COVID-19 adds more than $18 million to projected education budget
Education officials give their final briefing before school starts
So far, COVID-19 has added an additional $18.4 million in infrastructure and cleaning costs to the budget for the coming school year in New Brunswick, according to figures released by the Department of Education and Early Childhood Development.
That figure includes "an increase in custodians to meet new cleaning protocols, increased sanitization and custodial supplies and personal protective equipment for schools," said the statement from the department.
While some of those supplies haven't yet made it to individual schools, it is expected to be there by the time school starts.
Deputy education Minister George Daley said teachers and staff have been working since March for the eventual return of students, and next week "is the final step" in that process.

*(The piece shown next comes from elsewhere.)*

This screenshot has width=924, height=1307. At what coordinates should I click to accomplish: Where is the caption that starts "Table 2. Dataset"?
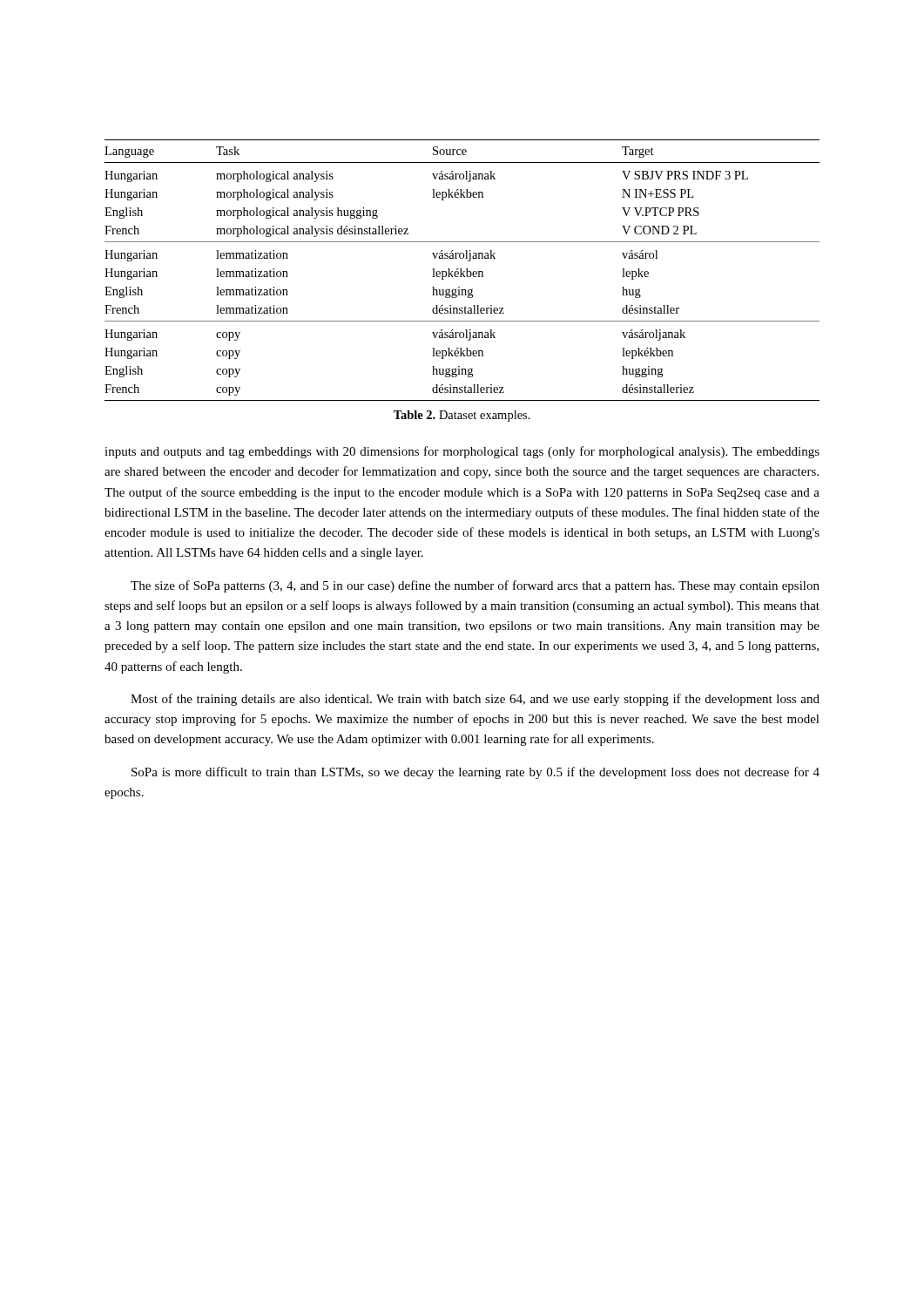point(462,415)

He said teachers are "up to the task."
And to make sure parents and students are ready for a return to school unlike any other, the department has created an infographic checklist, Daley said Thursday during the last live-streamed update to parents before school starts next week.
Schools were expected to release their operational plans Thursday, and Daley said parents can find those on their school's website.
And some details in the operational plan are still being sorted out, said Daley.
One of those deals with students who will be learning on alternate days at home — but without a suitable internet connection.
Daley said school officials are still working with individual students to sort out issues and possible solutions.
And in some cases, deputy minister Marcel Lavoie added, students don't yet know therez's an issue. That might only surface after students try to connect with their teachers next week.
Daley said all students should come to school with two clean masks every day and a container to carry them in.
A mask will be provided to students if they forget their own, he said.
And while masks are encouraged at the younger levels, they are mandatory in Grades 6-12. If a child continues to show up without a mask, school officials will talk to the parents.
The bottom line, said Daley, is that mask use is not up for debate. If families refuse, students could be removed from school, he said.
Daley said his department has ordered face shields for all teachers and staff in all schools. But whether they wear them is up to them, according to the department's back-to-school plan for schools.
Raywat Deonandan, a global-health epidemiologist and an associate professor at the University of Ottawa, said he's a "big fan of shields."
"They're not as good as masks for outward protection, since droplets can leak out of the bottom and sides, especially over longer time periods. But they are good for inward self-protection.
"When worn with a mask, they are a great extra layer of high-probability protection."
Deonandan said the ones that tuck under the chin, sometimes called dome shields, offer even greater protection than masks, especially if they cover the eyes. They also offer other benefits.
"You can share facial expressions, lip read, and do not suffer from claustrophobia or constriction."
He said face shields are also great for small children who have a tough time wearing regular face masks.
Daley said teachers are working on individual plans for their classroom and how to use technology to reach half the class at home on alternating days.
He said it will likely take a couple of weeks to iron out the kinks and develop a model that works for their class.
Lavoie said it's important for parents to maintain communication with their children and with the school to ensure the model is working effectively. He said parents should ask children how they're doing, rather than telling them what they should be doing.
He also said it's a good time for parents to deliver valuable lessons about time management and developing good work and study strategies.